Data for analysis Start Marker

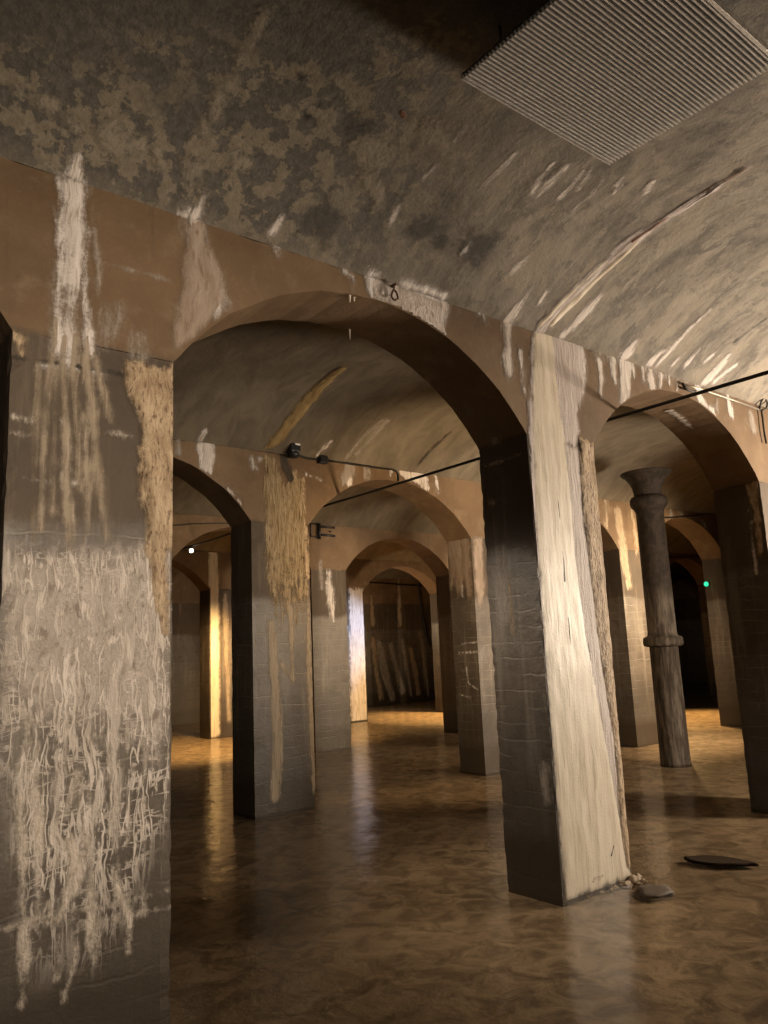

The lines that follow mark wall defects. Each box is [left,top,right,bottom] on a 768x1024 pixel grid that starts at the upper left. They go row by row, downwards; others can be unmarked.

damp [267,216,284,246]
damp [502,162,748,393]
damp [597,309,738,418]
damp [0,153,170,1009]
spalling [125,360,173,635]

Data for analysis End Marker

= Work instruction =
For the material above, give every line again exactly and leave out the pictures.

= Final answer =
The lines that follow mark wall defects. Each box is [left,top,right,bottom] on a 768x1024 pixel grid that starts at the upper left. They go row by row, downwards; others can be unmarked.

damp [267,216,284,246]
damp [502,162,748,393]
damp [597,309,738,418]
damp [0,153,170,1009]
spalling [125,360,173,635]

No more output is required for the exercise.